What this task involves =>
Repeat every entry exactly as it stands. Omit the images.

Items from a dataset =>
****************************************

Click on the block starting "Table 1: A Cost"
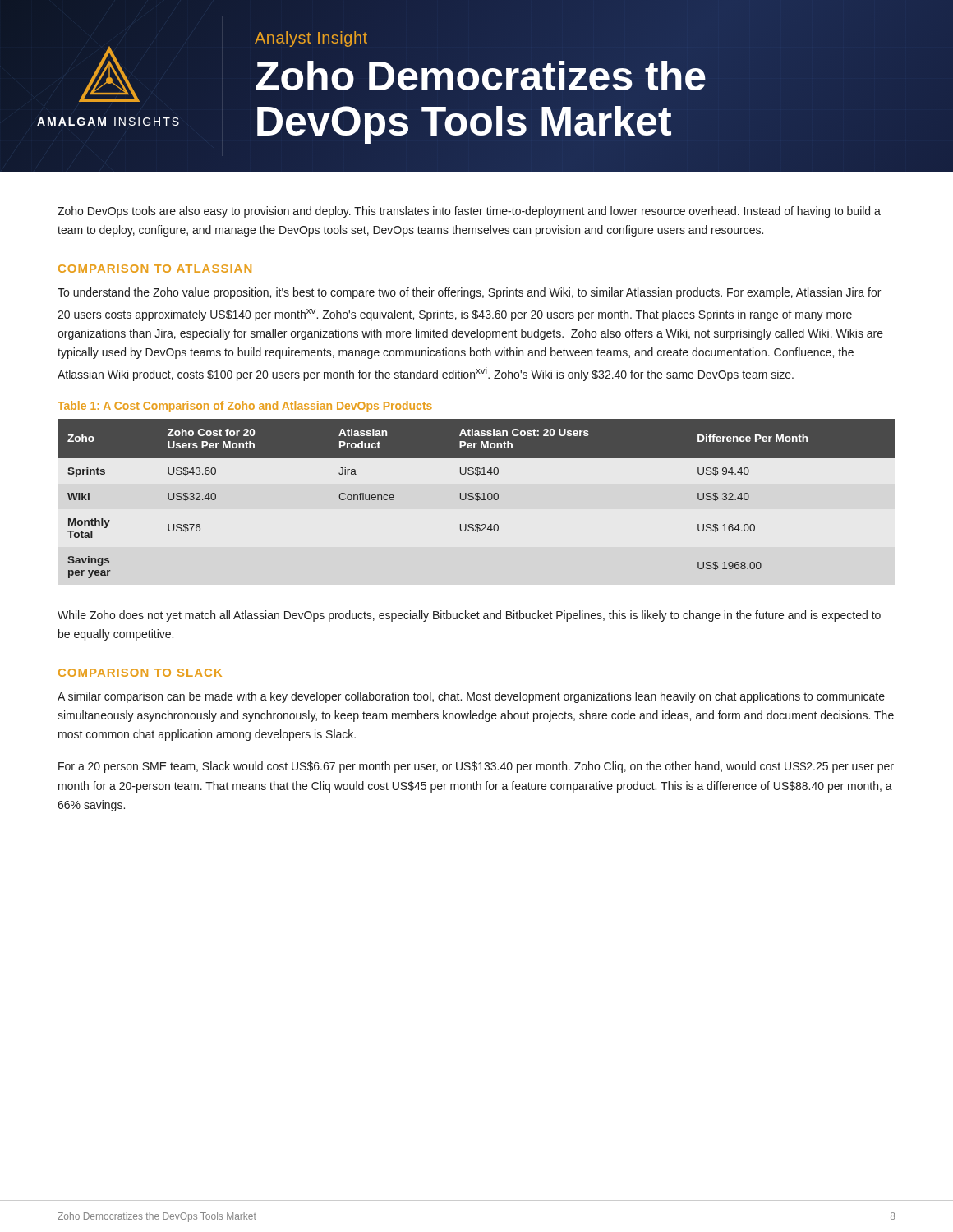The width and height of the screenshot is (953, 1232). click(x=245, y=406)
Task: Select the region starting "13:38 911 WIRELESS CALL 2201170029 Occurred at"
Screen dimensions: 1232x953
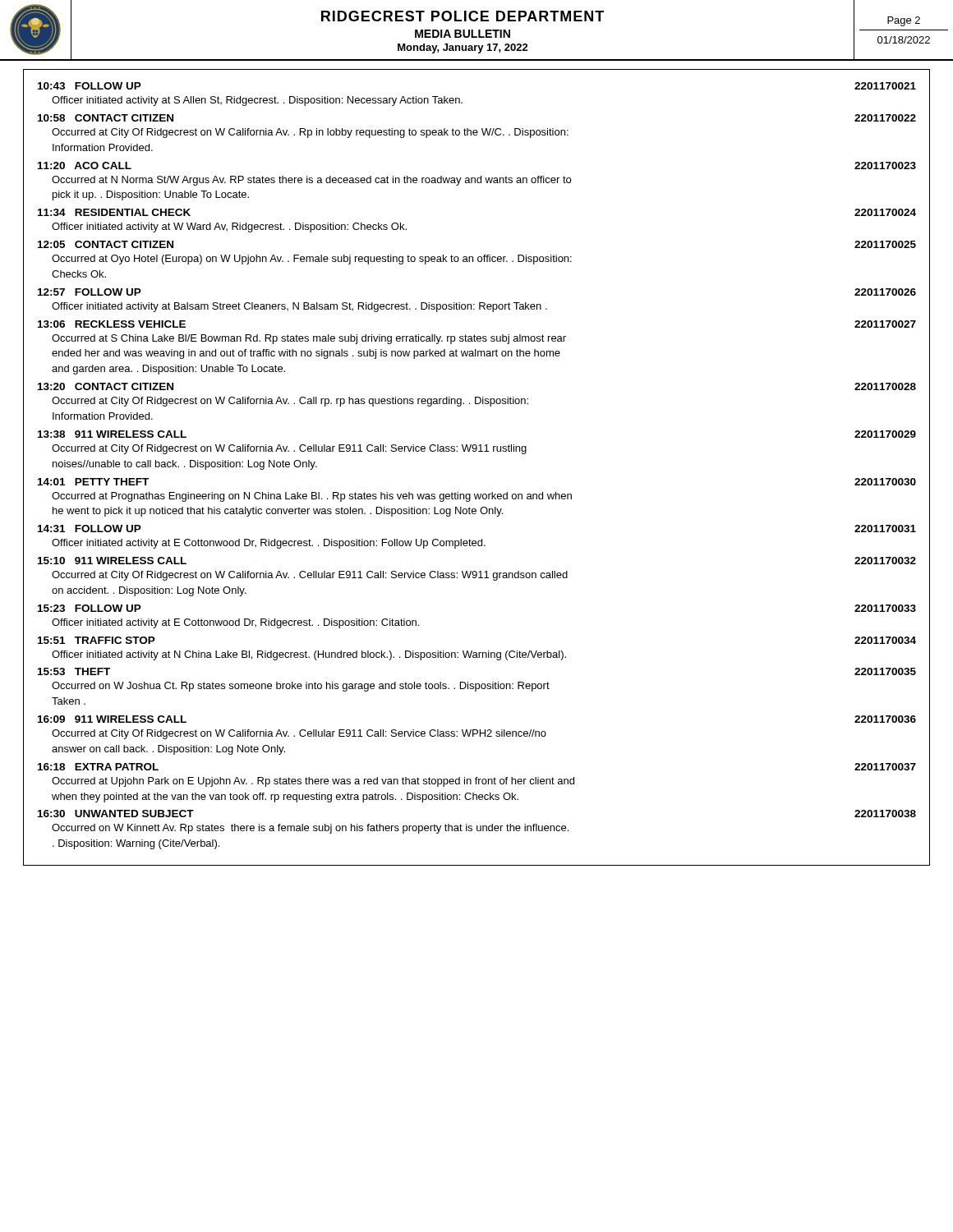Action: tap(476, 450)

****************************************

Answer to this exercise =>
Click on the block starting "Table 1: A Cost"
The width and height of the screenshot is (953, 1232). click(x=245, y=406)
Task: Select the region starting "13:38 911 WIRELESS CALL 2201170029 Occurred at"
Screen dimensions: 1232x953
Action: tap(476, 450)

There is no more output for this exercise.